That sucks, good luck next time!


----------



## Guest (May 13, 2011)

ha you werent up squaw peak were you?? there seems to be a whole flock of royal D!(K holes up there this year with that same kind of attitude! sorry that happened to you... just makes those times when you do finally succeed, that much sweeter! keep after it, its gotta happen some time!


----------



## Huge29 (Sep 17, 2007)

Here is the answer to your question http://www.ksl.com/?nid=148&sid=15519651


----------



## TEX-O-BOB (Sep 12, 2007)

Eventually the "newness" of turkey hunting in this state will wear off and the slob hunter, I'm entitled to it, retard factor will diminish. Until then it's going to be a cluster out there. The best you can do is hunt on off days and get farther from the roads... My buddy up in Idaho said that twenty years ago when they first opened turkey hunting in his area the idiot factor was incredible. There were CROWDS of people every weekend and the weekdays were a zoo as well. But, eventually the newness wore off and now you hardly see anyone except the die-hards. That's why I travel 12 hours to hunt up there. But even then we're not exempt from retards. This year we had a group of guys from, yep you guessed it, Utard set up right in our laps on the border of the property we'd kicked them off of the morning before. Those guys new we were in there hunting those birds, had been run off, and STILL insisted in setting up on top of us to try to muscle in on those birds. After that whole flock got boogered, we just moved on and ended up having a great hunt. But it still burns a little when you have that happen. I feel for ya Tiger...


----------



## tigerpincer (Dec 5, 2009)

Yep these things are bound to happen. the biggest reason I posted this story up was with the naive hope that maybe just a couple young hunters who havent been taught any better might learn a lesson and hunt the right way.


----------



## ridgetop (Sep 13, 2007)

That's a bummer. I had a couple of guys ride into my set up with their atvs a couple years ago. We were in a roadless area too. I almost got into it with them but there was two of them and I was alone. The one guy came at me, after I took a picture of him but I turned and got the ---- out of there and called the cops, which only gave them a warning. :evil:


----------



## proutdoors (Sep 24, 2007)

I hear you! I have 1200 acres of PRIVATE land south of Levan that I have SOLE control over who LEGALLY can hunt on it. Yet, this morning while helping wapiti67's 15 year old son try and get his first turkey we has multiple examples of 'slob' hunters. First thing this morning we set up within 150 yards of a tom we roosted last night. We hear him fly down and he is coming our way when all of a sudden he goes silent. We figure he saw one of move or something, so we move in on another tom we can hear gobbling like crazy. We get that tom moving toward us when suddenly he goes silent. We hear faint clucks, so I decide to check them out. I find three hunters more than a 1/2 mile inside PRIVATE property. When I explain to them they are trespassing they act ignorant to their mistake, but where they parked and left the WMA is is HEAVILY posted. That ended our hunt in that part of the property. As we are walking back toward the truck we hear a gobbler sounding off repeatedly on the west end, so we make a game plan and move in closer. We come across a recent campsite where THREE tents and a trailer were setup within the last week. Did I mention I have SOLE say on who can LEGALLY access this property? Guess how many people I have given permission to camp on the property.....We also found a pile of corn 50 yards of the road, on PRIVATE property. Did I mention I have SOLE say on who can LEGALLY access this property?

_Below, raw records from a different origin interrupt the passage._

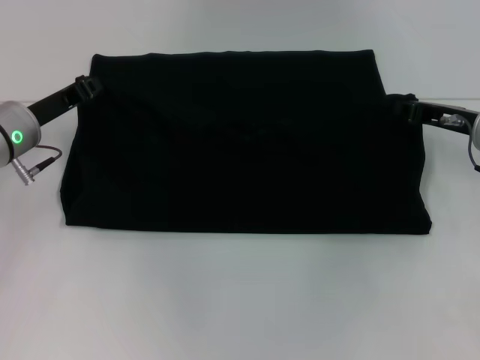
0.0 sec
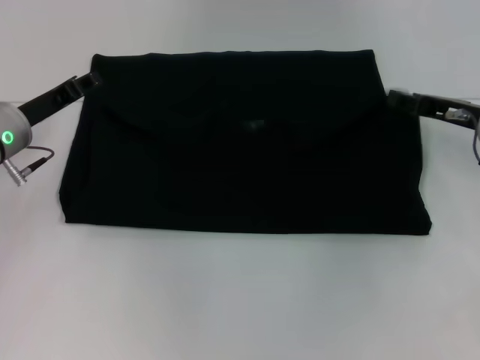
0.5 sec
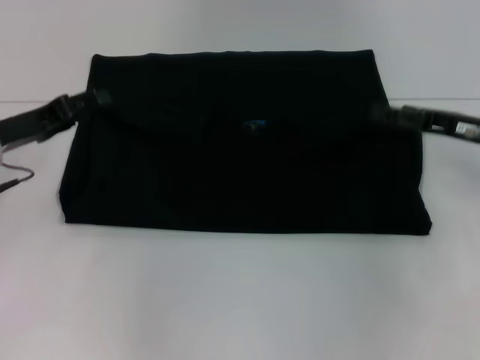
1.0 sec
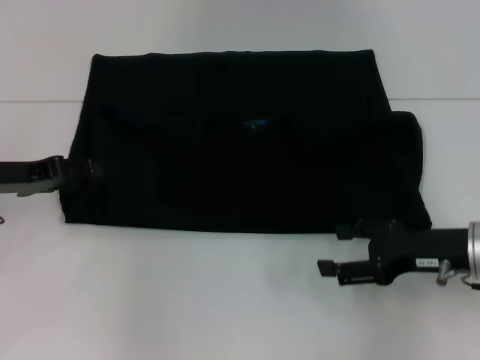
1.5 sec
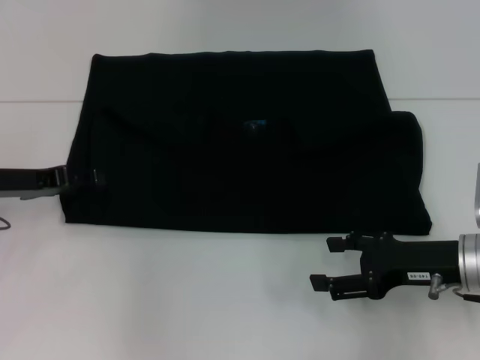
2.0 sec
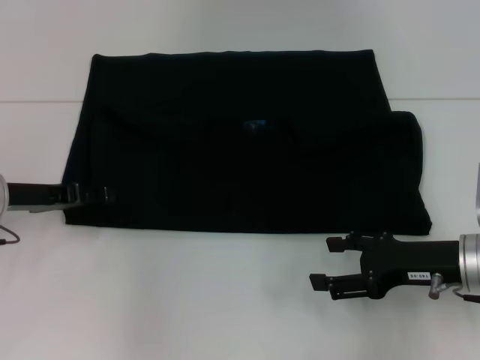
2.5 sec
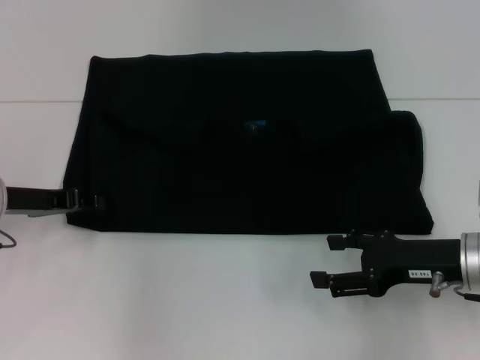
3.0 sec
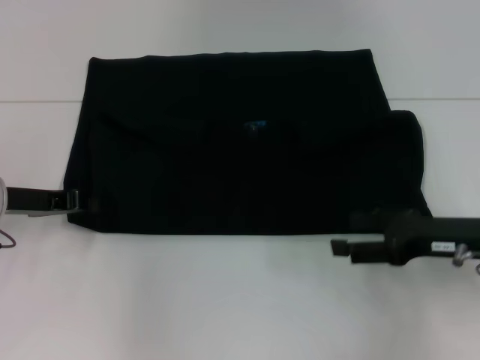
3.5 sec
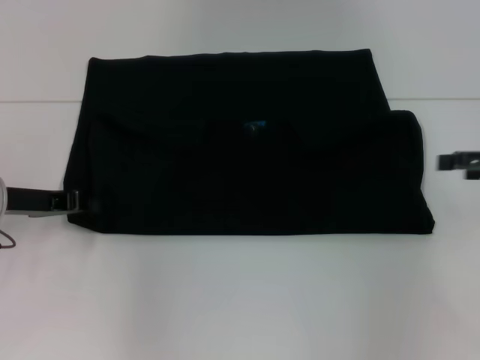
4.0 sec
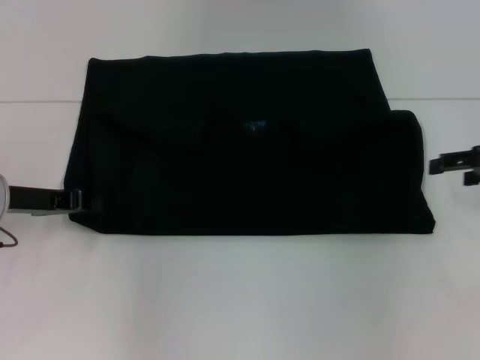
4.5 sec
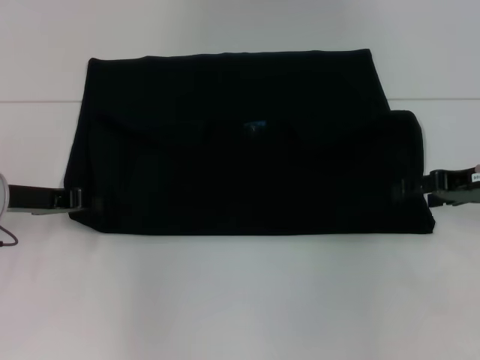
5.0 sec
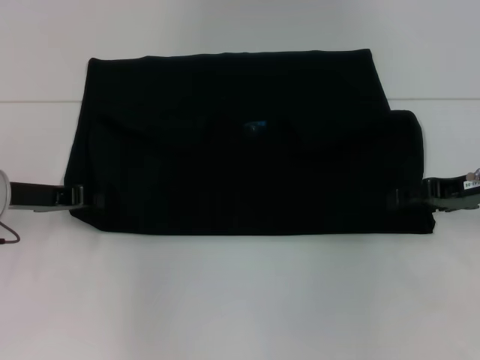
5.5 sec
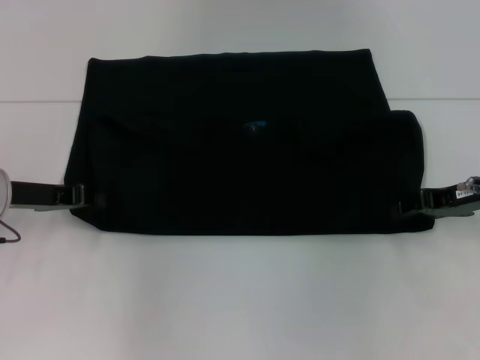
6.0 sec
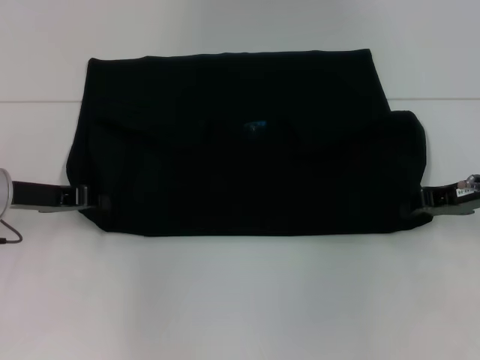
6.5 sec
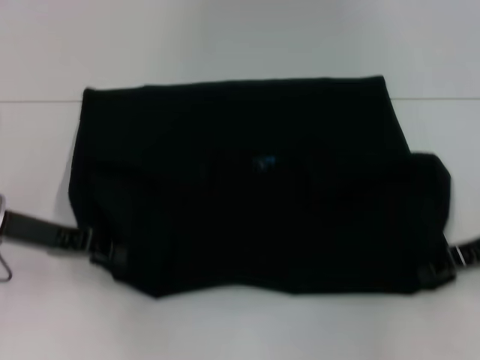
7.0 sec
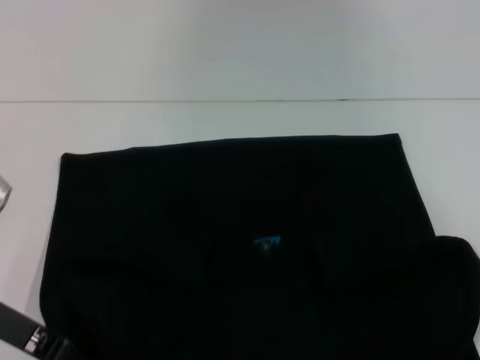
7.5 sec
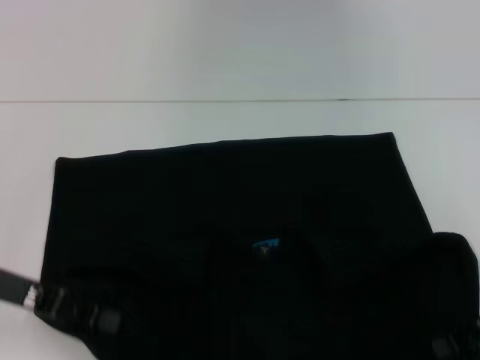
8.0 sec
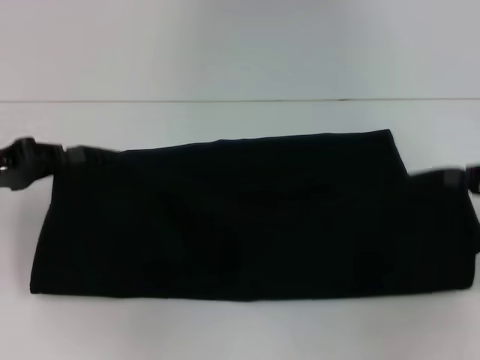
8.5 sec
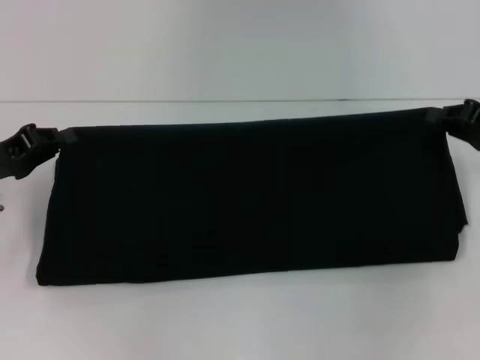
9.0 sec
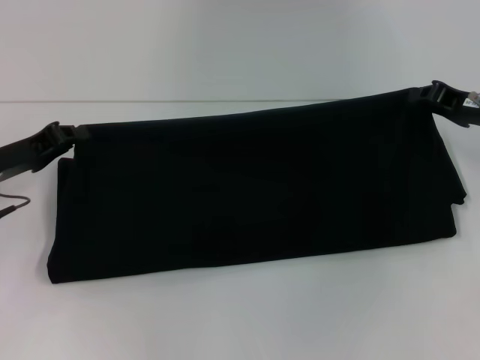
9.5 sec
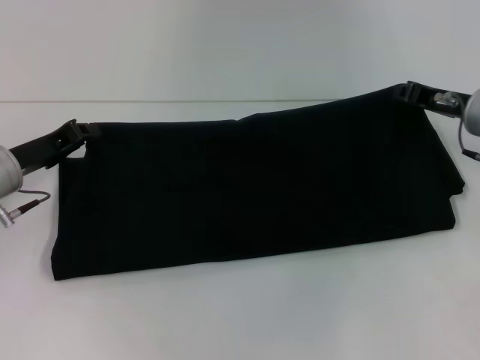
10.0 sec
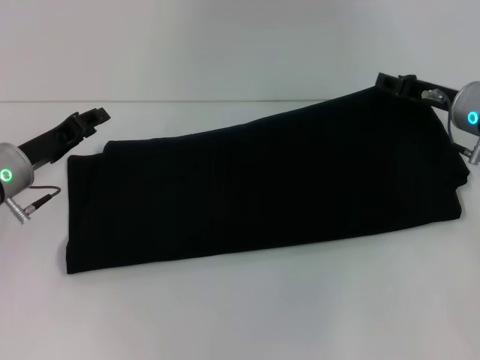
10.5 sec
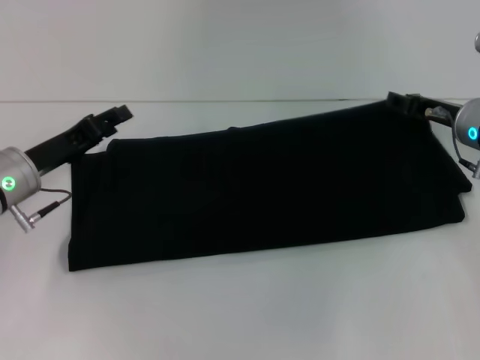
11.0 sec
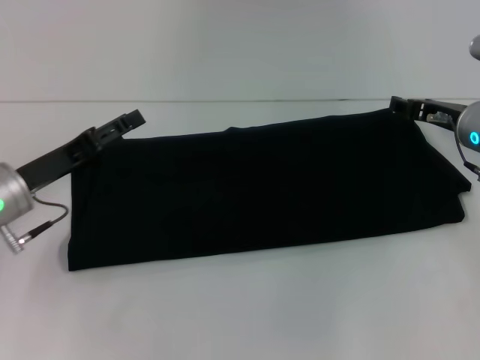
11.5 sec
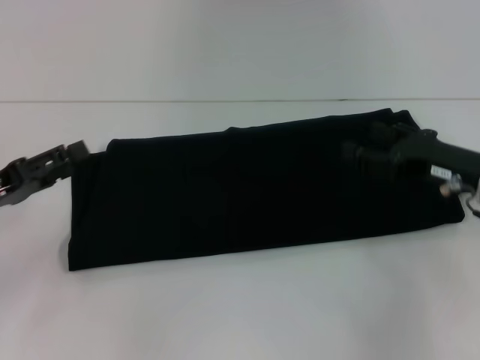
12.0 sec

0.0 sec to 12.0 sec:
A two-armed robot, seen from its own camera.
Step, 1.0 sec to 7.5 sec: Pull the clothes with your left hand.
Step, 1.0 sec to 7.5 sec: Pull the clothes with your right hand.
Step, 8.0 sec to 11.0 sec: Fold the clothes with your right hand.
0.0 sec to 2.0 sec: The left gripper moves some 5 cm, and opens up. Meanwhile the right gripper is displaced backward by about 10 cm, and opens.
2.0 sec to 4.0 sec: The right gripper shifts some 15 cm to the right, upward and forward. The left gripper closes.
4.0 sec to 6.0 sec: The right gripper goes some 10 cm to the left.
6.0 sec to 8.0 sec: The grippers both shift backward by some 10 cm. The right gripper closes.
8.0 sec to 10.0 sec: The left gripper travels forward by roughly 10 cm, while the right gripper goes about 15 cm forward and to the left.
10.0 sec to 12.0 sec: Both grippers travel together backward, approximately 10 cm. The left gripper opens up. The right gripper opens up.

Sadly, we had to head home with Danny's tag intact, but we had one tom almost step on me. Bad setup by ME. It was a fun time, but could of been funner if people respected other people a tad more.


----------



## wapiti67 (Oct 2, 2007)

Even though we had these idiots make the hunting difficult, Danny loves the time spent on the mountain and is already making plans for next years hunt. I'm pretty sure the efforts of soo many great men have instilled the desire to be in the mountains chasing some sort of game as much as possible. Thanks Bart!!!


----------